According to Sam Jadali, the founder of cyber defense and threat detection service provider Melurna, widespread malicious botnets have enabled bad actors to scan domains for frequently used file names that contain sensitive information.

“The ubiquitous and pervasive nature of these bots makes it increasingly easy to compromise servers. Web and app developers may forget to delete backups, application environment or MySQL history files,” Jadali told CyberNews.

“When left in publicly accessible locations, bad actors use the data to discover credentials, map server infrastructure, perform lateral attacks, inject malware, or infect servers with ransomware. Using today’s advanced technology, hackers can scan the global internet IPv4 range in less than 5 minutes.”
Sam Jadali, founder of Melurna

When it comes to web infrastructure, Jadali says that prevention is the best preparation. He recommends filtering malicious bots by using properly configured web application firewalls.

“However, the future of safeguarding our data requires the sustained collaboration of developers and hosting providers. Web users and developers must practice proper security hygiene, and hosting providers must stay abreast of the latest attack vectors,” concludes Jadali.
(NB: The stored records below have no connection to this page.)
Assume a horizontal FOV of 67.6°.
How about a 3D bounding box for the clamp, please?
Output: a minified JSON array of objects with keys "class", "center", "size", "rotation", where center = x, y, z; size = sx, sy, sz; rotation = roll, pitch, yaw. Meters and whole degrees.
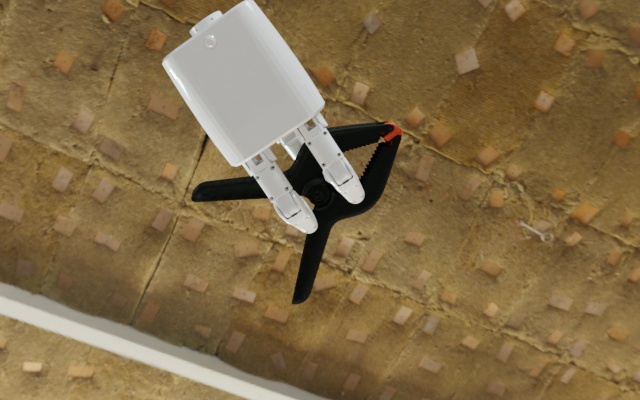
[{"class":"clamp","center":[0.000,0.001,0.483],"size":[0.210,0.164,0.036],"rotation":[-32,16,8]}]
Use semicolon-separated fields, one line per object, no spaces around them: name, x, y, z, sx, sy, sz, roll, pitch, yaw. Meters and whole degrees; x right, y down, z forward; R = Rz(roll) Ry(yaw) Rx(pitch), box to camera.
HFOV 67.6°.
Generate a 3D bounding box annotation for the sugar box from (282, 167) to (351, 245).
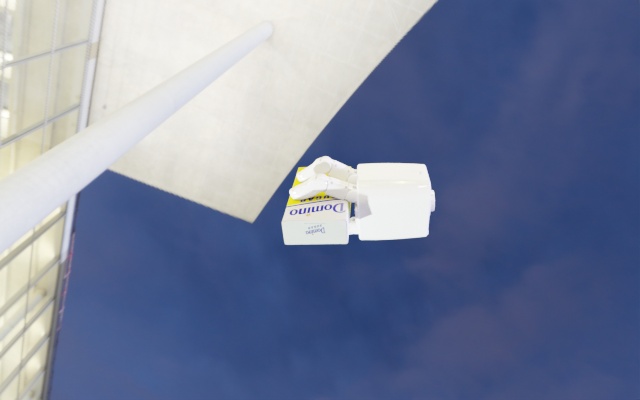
sugar box;0.000;0.002;0.738;0.093;0.048;0.176;-2;27;6

Meanwhile, Zur Ulianizky recommends the following security best practices to web server administrators:

Make sure that the team is aware of secure development. In addition, it's important that the developers are aware of OWASP TOP 10 vulnerabilities and how to prevent them during the development.
Any input by the user must be validated. In addition, make sure that the output is sanitized.
Exceptions must be handled. Make sure that every exception is handled properly. Attackers are using exceptions in order to gather the information that can aid in additional attacks.
Use browser security headers, such as HSTS, X-Frame-Options, and X-XSS protection.
Implement Identity and Access Management in order to follow the least privilege principle.
Run automatic security products to reveal vulnerabilities during the development, testing, and deployment of new versions of the application.
Perform manual penetration testing assessment on a regular basis.